■ **What you have to do**
Your answer should be every line from the records that contains "gamma".

■ **Supplied information**
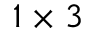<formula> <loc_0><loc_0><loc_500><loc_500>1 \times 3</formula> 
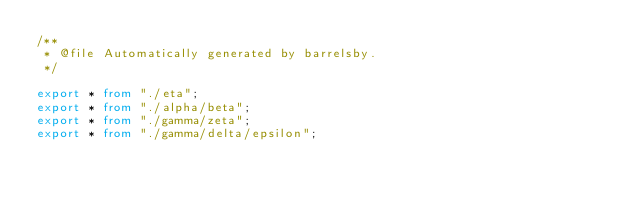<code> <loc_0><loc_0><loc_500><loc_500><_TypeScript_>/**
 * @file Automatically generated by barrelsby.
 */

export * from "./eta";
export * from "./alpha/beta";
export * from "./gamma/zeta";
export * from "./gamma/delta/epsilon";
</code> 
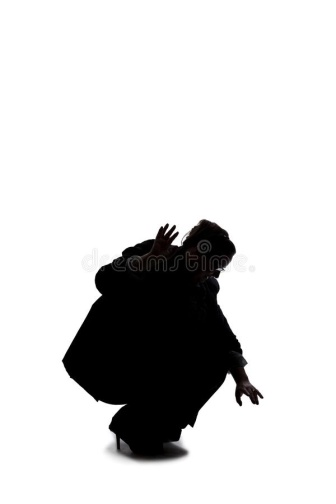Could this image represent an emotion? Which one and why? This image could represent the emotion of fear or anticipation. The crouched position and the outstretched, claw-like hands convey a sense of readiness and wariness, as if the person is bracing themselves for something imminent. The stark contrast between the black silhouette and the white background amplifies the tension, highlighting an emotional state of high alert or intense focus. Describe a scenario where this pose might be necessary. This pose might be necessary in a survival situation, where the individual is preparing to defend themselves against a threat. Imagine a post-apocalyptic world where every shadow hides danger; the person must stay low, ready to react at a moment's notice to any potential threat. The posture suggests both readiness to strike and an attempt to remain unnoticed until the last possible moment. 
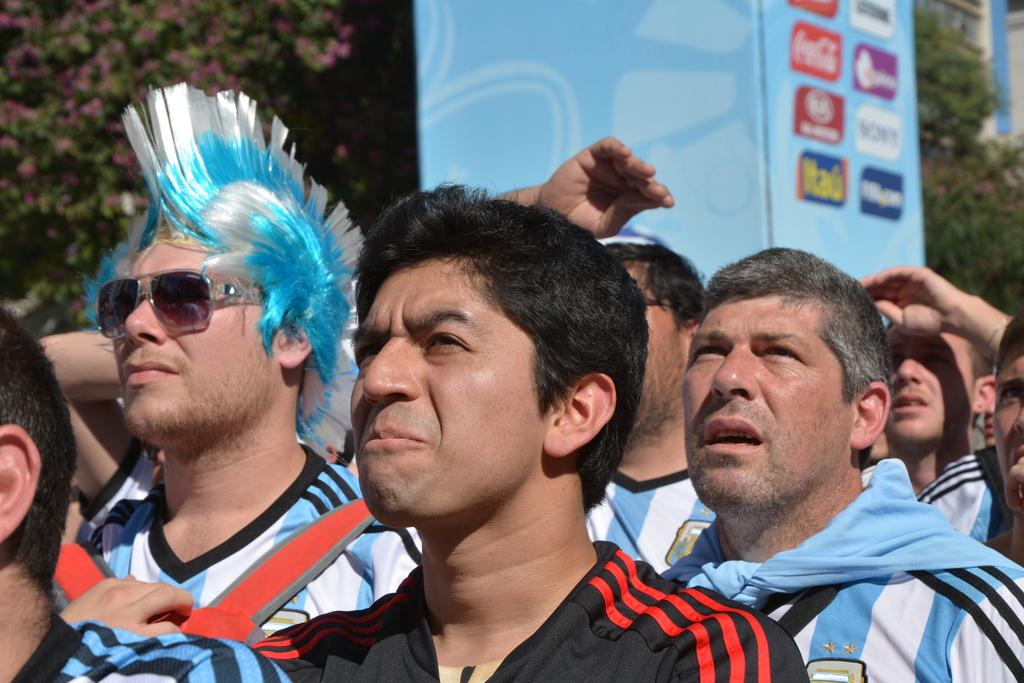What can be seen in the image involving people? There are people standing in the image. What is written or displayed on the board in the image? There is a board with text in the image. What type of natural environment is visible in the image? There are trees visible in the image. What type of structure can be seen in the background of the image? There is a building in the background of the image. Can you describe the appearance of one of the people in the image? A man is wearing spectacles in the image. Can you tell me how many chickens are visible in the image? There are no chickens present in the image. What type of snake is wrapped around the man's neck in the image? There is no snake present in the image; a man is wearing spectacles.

...

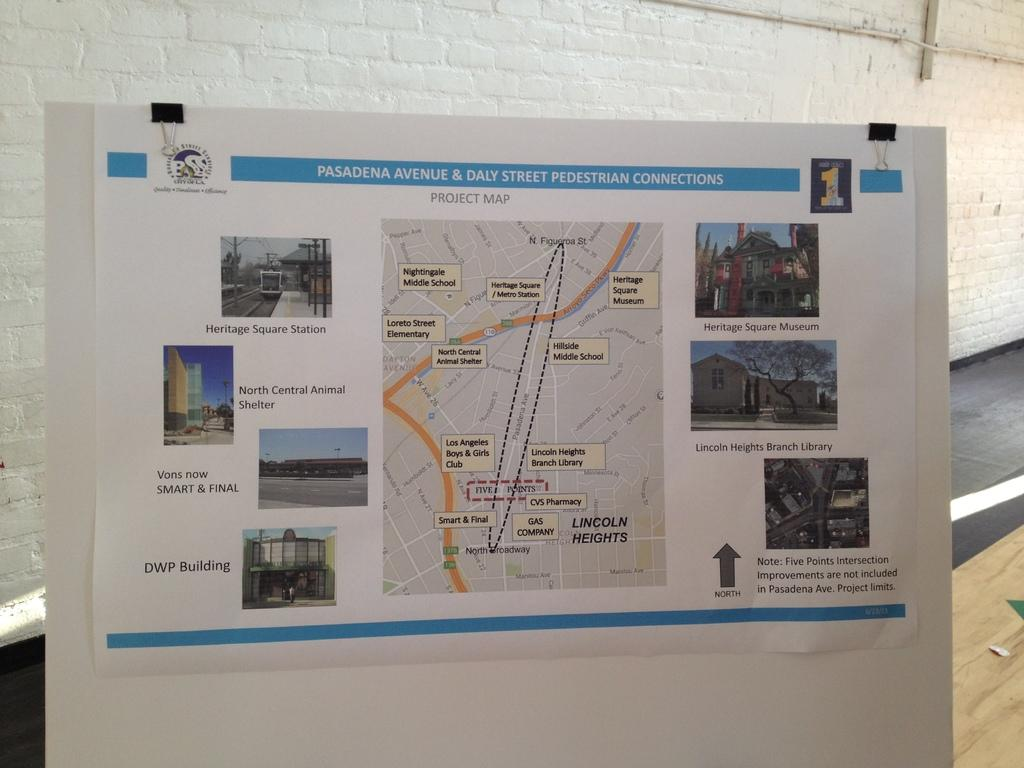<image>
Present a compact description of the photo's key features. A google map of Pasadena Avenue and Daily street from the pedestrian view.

■ **Answer to this exercise**
export * from "./gamma/zeta";
export * from "./gamma/delta/epsilon";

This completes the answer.